In [7]:
import nltk
from nltk.util import ngrams
from collections import Counter, defaultdict
import re

nltk.download('punkt')

text = """
Natural language processing (NLP) is a machine learning technology that gives computers the ability to interpret, manipulate, 
and comprehend human language.
"""

def tokenize(text):
    text = text.lower()
    words = nltk.word_tokenize(text)
    return words

def compute_bigram_model(tokens):
    bigrams = ngrams(tokens, 2)
    bigram_counts = Counter(bigrams)
    unigram_counts = Counter(tokens)
    
    bigram_model = defaultdict(lambda: defaultdict(float))
    
    for (word1, word2), count in bigram_counts.items():
        bigram_model[word1][word2] = count / unigram_counts[word1]
        
    return bigram_model

def predict_next_word(bigram_model, word):
    if word in bigram_model:
        next_words = bigram_model[word]
        sorted_next_words = sorted(next_words.items(), key=lambda x: x[1], reverse=True)
        return sorted_next_words
    else:
        return []

tokens = tokenize(text)

bigram_model = compute_bigram_model(tokens)

input_word = "language"
predictions = predict_next_word(bigram_model, input_word)

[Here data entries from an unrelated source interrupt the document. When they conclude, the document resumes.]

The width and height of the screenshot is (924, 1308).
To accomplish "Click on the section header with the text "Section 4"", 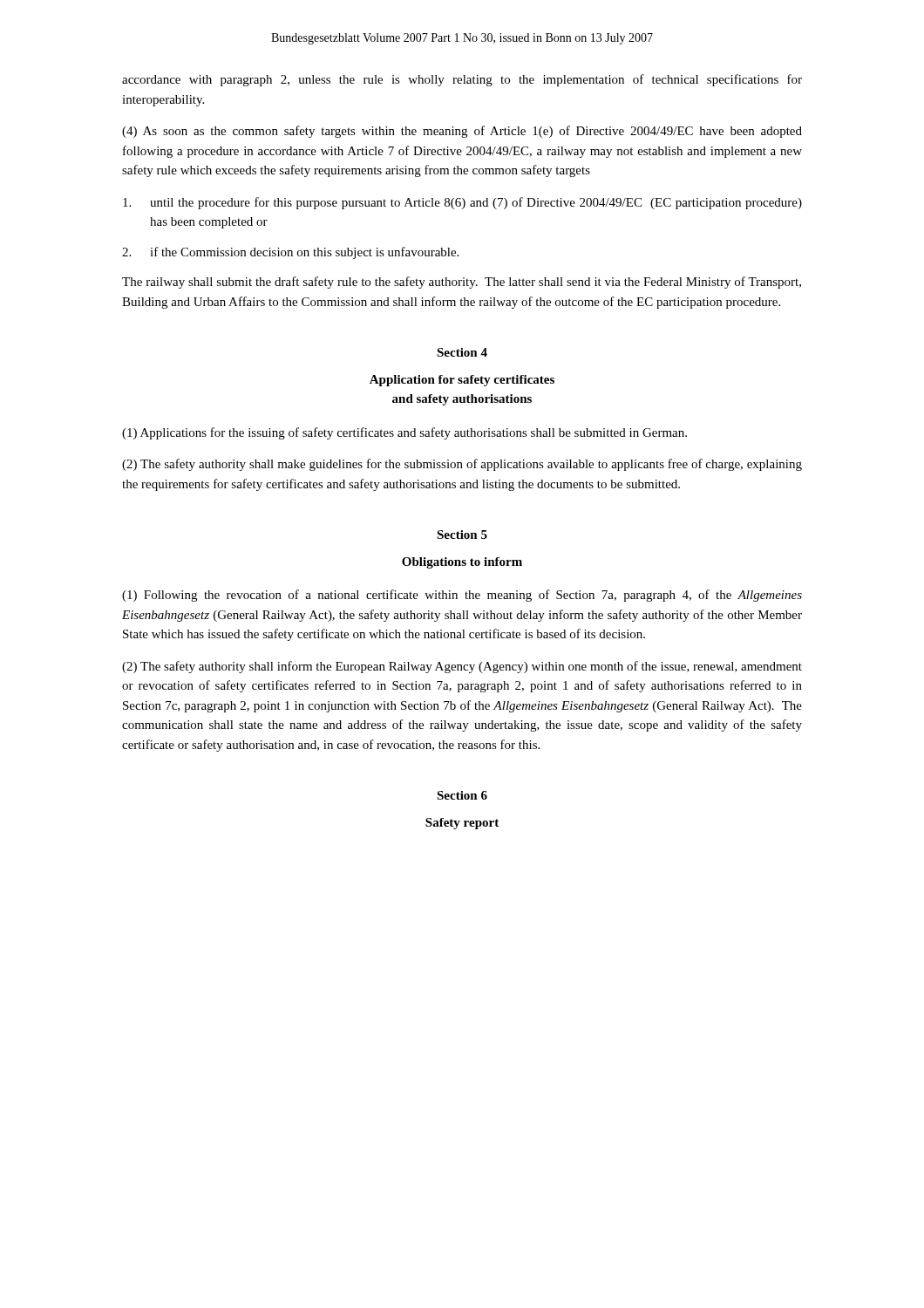I will tap(462, 352).
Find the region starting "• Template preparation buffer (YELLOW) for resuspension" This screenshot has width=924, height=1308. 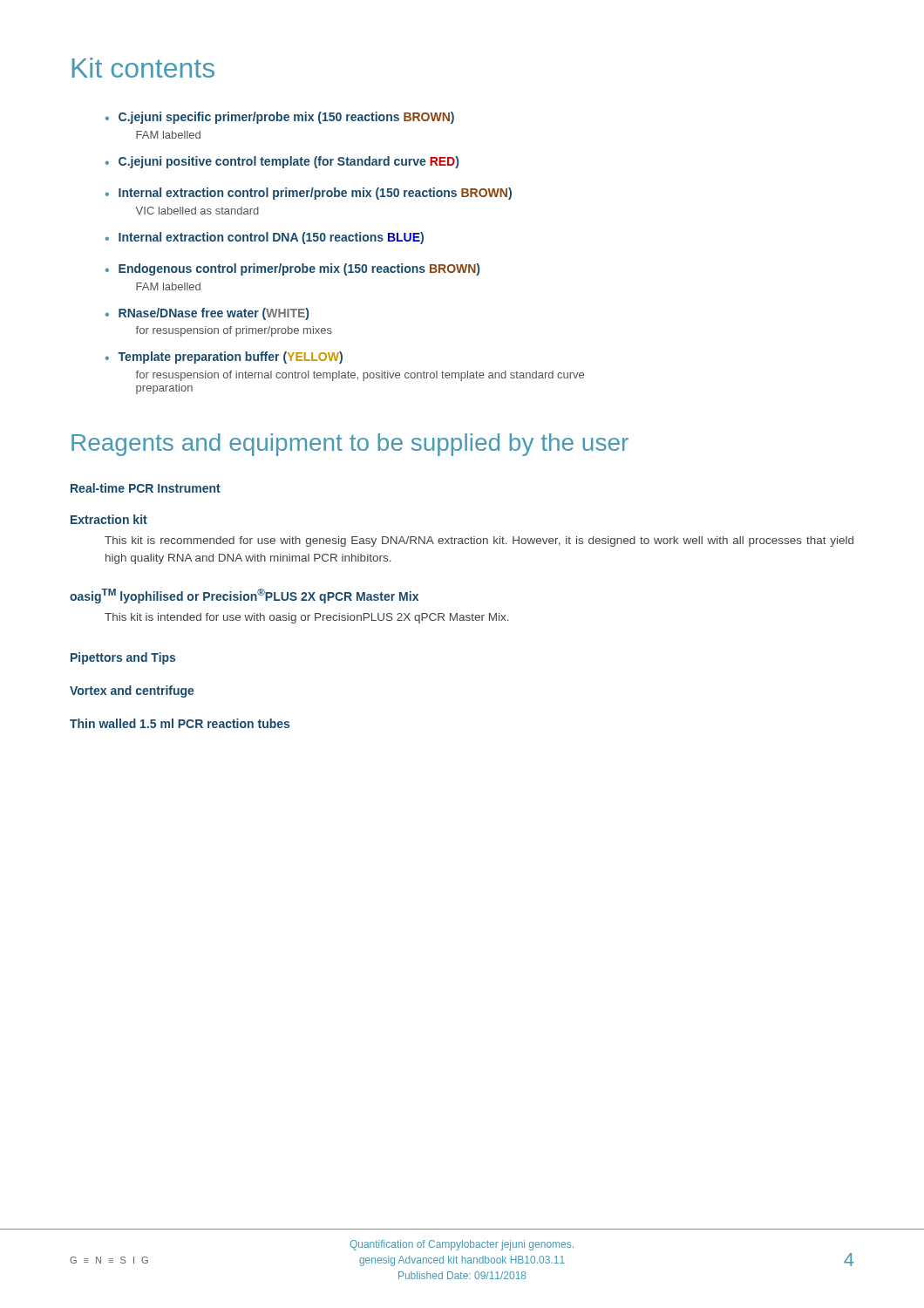(479, 371)
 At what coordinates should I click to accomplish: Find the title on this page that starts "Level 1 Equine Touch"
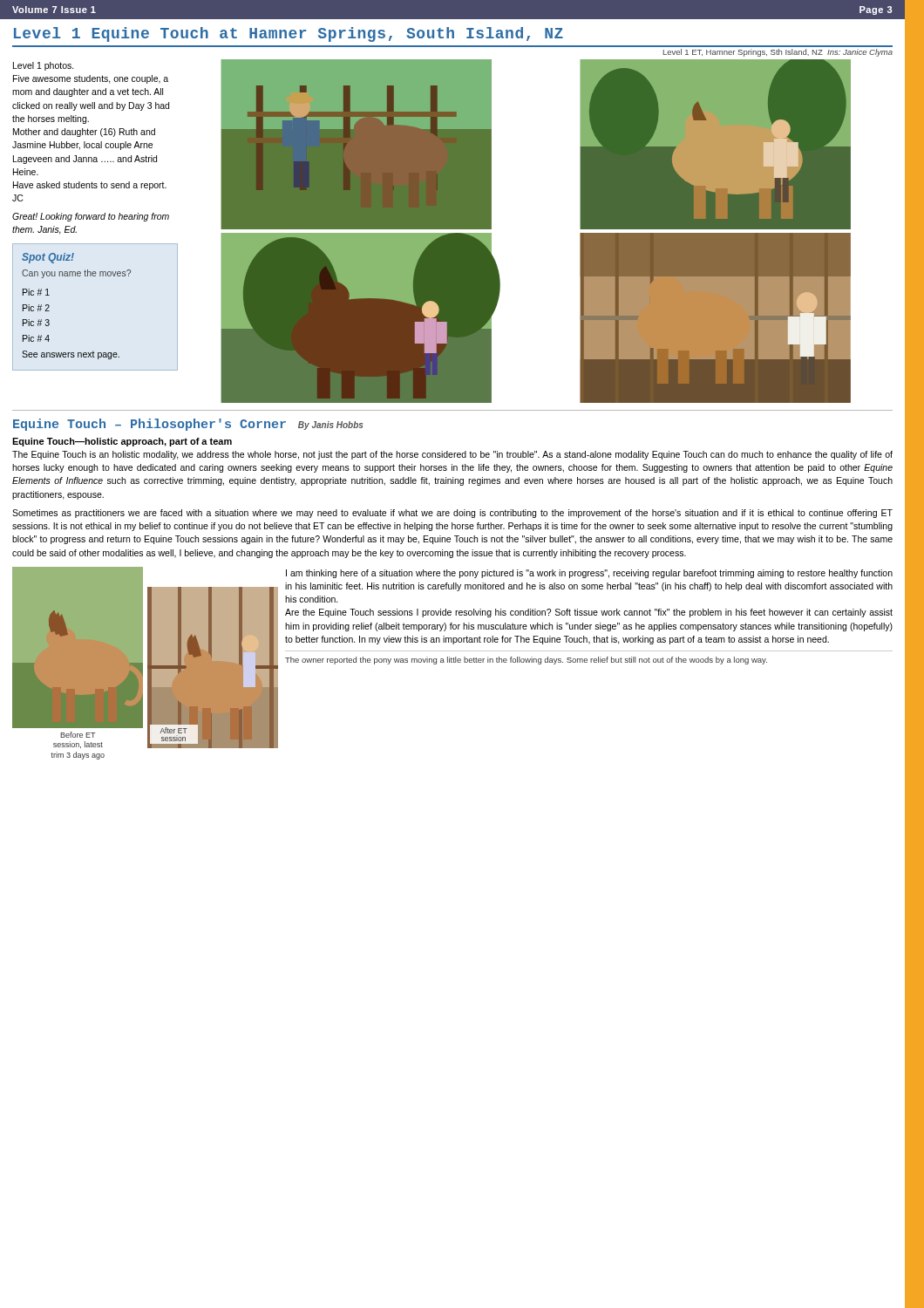tap(288, 34)
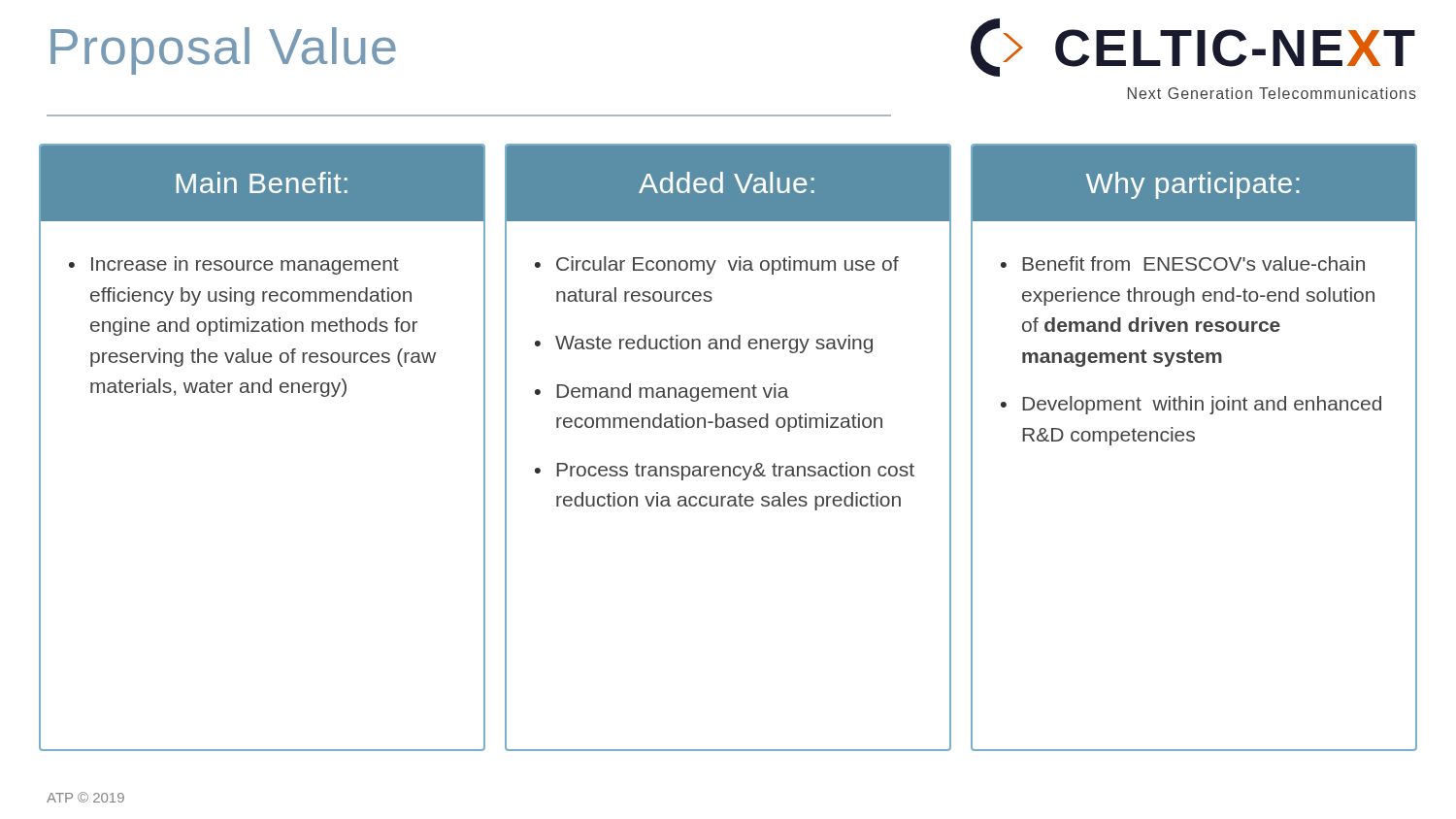Select the list item that reads "Increase in resource management efficiency by using recommendation"
1456x819 pixels.
point(263,325)
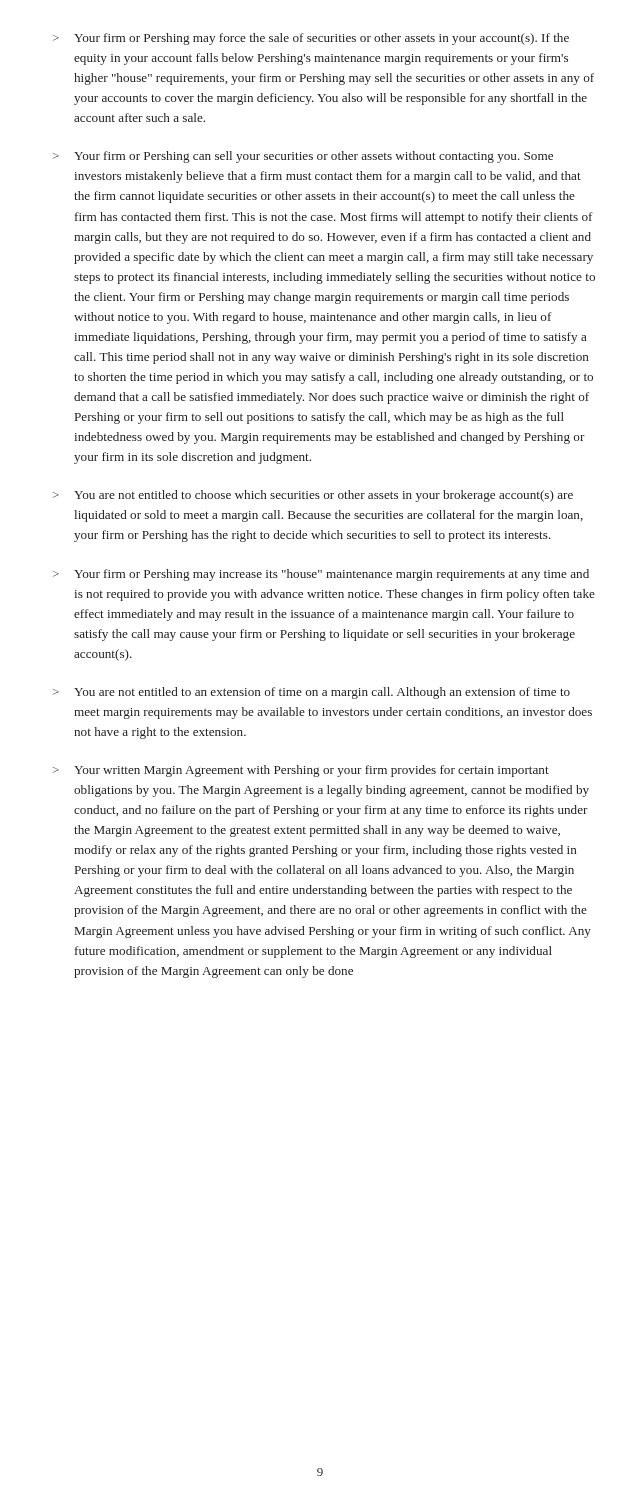The width and height of the screenshot is (640, 1500).
Task: Find the block on this page that starts "> Your firm or Pershing can sell"
Action: click(x=324, y=307)

print(f"Next word predictions for '{input_word}':")
for next_word, prob in predictions:
    print(f"{next_word}: {prob:.4f}")


Next word predictions for 'language':
processing: 0.5000
.: 0.5000


[nltk_data] Downloading package punkt to
[nltk_data]     C:\Users\Welcome\AppData\Roaming\nltk_data...
[nltk_data]   Package punkt is already up-to-date!